The car is named by legendary Brazilian F1 driver Ayrton Senna who tragically crashed during an F1 race back in 1994 and lost his life. The car is a tribute to his success driving for the McLaren F1 team between 1988 and 1993, where he won 3 world championship titles. The Senna is a limited-production car, with only 500 ever being built.

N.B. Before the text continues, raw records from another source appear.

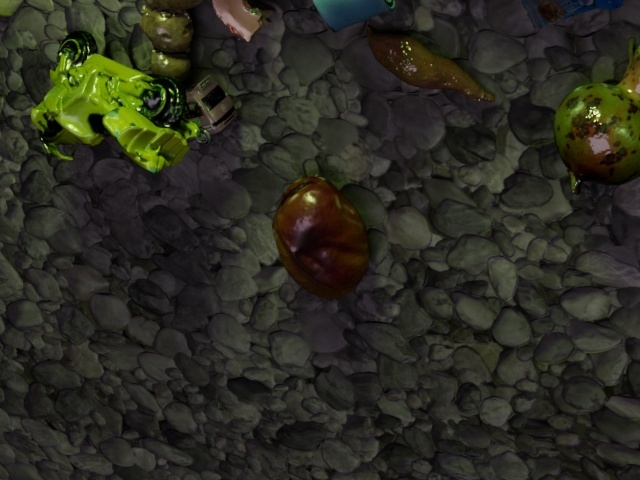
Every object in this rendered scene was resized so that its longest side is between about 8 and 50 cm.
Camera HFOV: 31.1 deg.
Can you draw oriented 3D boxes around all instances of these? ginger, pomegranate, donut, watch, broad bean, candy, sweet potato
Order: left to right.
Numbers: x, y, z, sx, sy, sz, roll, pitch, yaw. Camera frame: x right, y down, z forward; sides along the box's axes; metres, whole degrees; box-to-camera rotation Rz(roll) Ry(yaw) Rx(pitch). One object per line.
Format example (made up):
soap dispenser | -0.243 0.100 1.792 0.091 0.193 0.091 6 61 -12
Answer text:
ginger | -0.237 -0.338 1.816 0.104 0.080 0.204 16 129 3
donut | -0.113 -0.387 1.736 0.117 0.065 0.166 31 130 -4
broad bean | 0.002 -0.002 1.947 0.156 0.122 0.228 -20 125 5
watch | 0.039 -0.378 1.578 0.211 0.193 0.211 3 125 4
sweet potato | 0.159 -0.255 1.722 0.226 0.068 0.068 28 131 0
candy | 0.341 -0.344 1.596 0.136 0.038 0.088 -9 135 37
pomegranate | 0.423 -0.171 1.620 0.156 0.156 0.220 35 127 -5

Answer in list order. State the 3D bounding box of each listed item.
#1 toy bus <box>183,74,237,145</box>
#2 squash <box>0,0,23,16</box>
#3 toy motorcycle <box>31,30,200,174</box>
toy bus | -0.234 -0.208 1.911 0.178 0.087 0.098 -9 115 31
squash | -0.561 -0.509 1.867 0.204 0.155 0.237 9 138 -32
toy motorcycle | -0.348 -0.205 1.841 0.342 0.142 0.206 29 106 38

If you fancy buying one of your own, it will set you back a cool £1.15m.
0 – 60MPH: 2.9 seconds
Starting at £215,000, the Huracan is Lamborghini's replacement for the previous V10 offering, the Gallardo. Released in 2014 and still in production today, the car has been improved considerably over time. There have been no less than 14 variants of the car over the last six years. Perhaps the most famous is what Lamborghini calls the Huracan LP 610-6 Polizia. As you can likely guess from the Italian you learnt at school, this is the car manufacturer's official police variant of their supercar produced for the Italian State police. This was after two Gallardos that Lamborghini had also supplied the police with were destroyed in the line of duty.

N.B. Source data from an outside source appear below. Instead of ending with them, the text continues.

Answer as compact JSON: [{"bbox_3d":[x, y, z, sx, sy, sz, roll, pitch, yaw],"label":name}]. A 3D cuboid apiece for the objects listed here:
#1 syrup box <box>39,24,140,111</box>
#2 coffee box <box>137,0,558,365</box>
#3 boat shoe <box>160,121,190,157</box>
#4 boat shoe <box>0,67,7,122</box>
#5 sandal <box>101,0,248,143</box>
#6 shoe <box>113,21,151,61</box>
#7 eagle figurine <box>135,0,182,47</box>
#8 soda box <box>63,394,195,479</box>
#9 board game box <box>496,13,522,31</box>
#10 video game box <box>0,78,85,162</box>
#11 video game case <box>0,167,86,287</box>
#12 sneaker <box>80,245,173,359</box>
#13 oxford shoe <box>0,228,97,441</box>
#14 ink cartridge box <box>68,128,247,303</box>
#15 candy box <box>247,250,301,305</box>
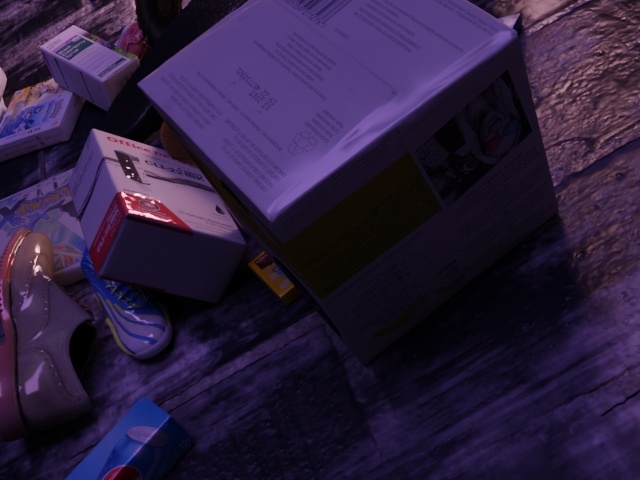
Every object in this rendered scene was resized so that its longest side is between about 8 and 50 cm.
[{"bbox_3d":[-0.465,-0.351,1.971,0.237,0.096,0.093,30,60,35],"label":"syrup box"},{"bbox_3d":[0.044,-0.117,1.220,0.338,0.334,0.337,-38,49,-6],"label":"coffee box"},{"bbox_3d":[-0.121,-0.195,1.576,0.285,0.104,0.089,-4,15,-10],"label":"boat shoe"},{"bbox_3d":[-0.793,-0.332,2.184,0.121,0.119,0.335,-29,39,4],"label":"boat shoe"},{"bbox_3d":[-0.255,-0.354,1.889,0.445,0.107,0.167,-51,42,-3],"label":"sandal"},{"bbox_3d":[-0.389,-0.426,2.062,0.081,0.063,0.178,-23,35,20],"label":"shoe"},{"bbox_3d":[-0.293,-0.560,1.968,0.298,0.226,0.225,-46,69,25],"label":"eagle figurine"},{"bbox_3d":[-0.263,0.305,1.223,0.071,0.067,0.210,23,64,45],"label":"soda box"},{"bbox_3d":[0.274,-0.336,1.552,0.090,0.020,0.090,-5,29,27],"label":"board game box"},{"bbox_3d":[-0.597,-0.268,2.049,0.187,0.048,0.205,-13,43,18],"label":"video game box"},{"bbox_3d":[-0.522,-0.002,1.733,0.329,0.036,0.300,-21,41,13],"label":"video game case"},{"bbox_3d":[-0.306,0.079,1.436,0.091,0.126,0.240,-38,39,-7],"label":"sneaker"},{"bbox_3d":[-0.414,0.130,1.472,0.147,0.140,0.397,-10,47,-5],"label":"oxford shoe"},{"bbox_3d":[-0.254,-0.041,1.455,0.114,0.197,0.273,-62,35,20],"label":"ink cartridge box"},{"bbox_3d":[0.000,0.000,1.398,0.206,0.027,0.105,-40,44,-9],"label":"candy box"}]

The Huracan is capable of mixing it up with £1m hypercars, making it exceptionable value for money, even at £215,000. The car is capable of hitting 60MPH in 2.9 seconds and can reach a top speed of 202MPH. In June 2019, in true Lamborghini fashion, the company unveiled an off-road version of the car called the Huracan Sterrato. Although more suited to bumpy backroads than long, smooth straights, the car still delivers 631 BHP to the all-wheel-drive drivetrain.
Hennessey Venom GT
0 – 60MPH: 3.05 seconds
Hennessy is something of an enigma. In Europe, your average car fan might not have heard of the supercar manufacturer, but their cars consistently rank among the fastest in the world. Based in Texas, Hennessey proudly states that they have been "Making Fast Cars Faster Since 1991", and we tend to agree. Back in 2013 the company released the Hennessy Venom GT, which is based on a Lotus Elise, hence their Make Fast Cars Faster tagline. Now the Lotus Elise is no slouch, but Hennessy wanted to do something special with the Venom GT, and they did just that. On 21st January 2013 the car set the Guinness World Record for the fastest road car in the world, even in sub-optimal conditions.
According to Hennessey, "While conducting the Guinness World Record runs, despite marginal traction (due to three days of previous rainfall), the Venom GT accelerated from 0-60 mph in 3.05 seconds, 0-100 mph in 5.88 seconds, ran the standing quarter-mile in 10.29 seconds at 158.83 mph, and ran the standing half-mile at 205.65 mph." The test was conducted at the Kennedy Space Centre on a 3.22-mile shuttle landing strip. As you can hear, the engine sounds ferocious.
0 – 60MPH: 3 seconds
The Ford GT was originally conceptualised as a race car by legendary mechanic Carroll Shelby with one objective in mind: Beating Ferrari at 24 Hours of Le Mans. Recently immortalised in the film Le Mans '66, Shelby and driver Ken Miles battle the laws of physics to build a revolutionary race car in order to take Ferrari's crown, and they did just that. The car they built was the Ford GT40. In 2003, Ford decided to celebrate its centenary by building a street-legal variant of the legendary race car, thus the Ford GT was born.
The second generation of the Ford GT became available in 2017, improving on the previous edition in every department. The car reaches 60MPH in only 3 seconds and will hit 216MPH before maxing out. Jeremy Clarkson was one of the first people to buy a Ford GT when they arrived in the UK, but with the car's doors including a section of the roof, was mocked for not being able to get into it whilst parked in a supermarket car park.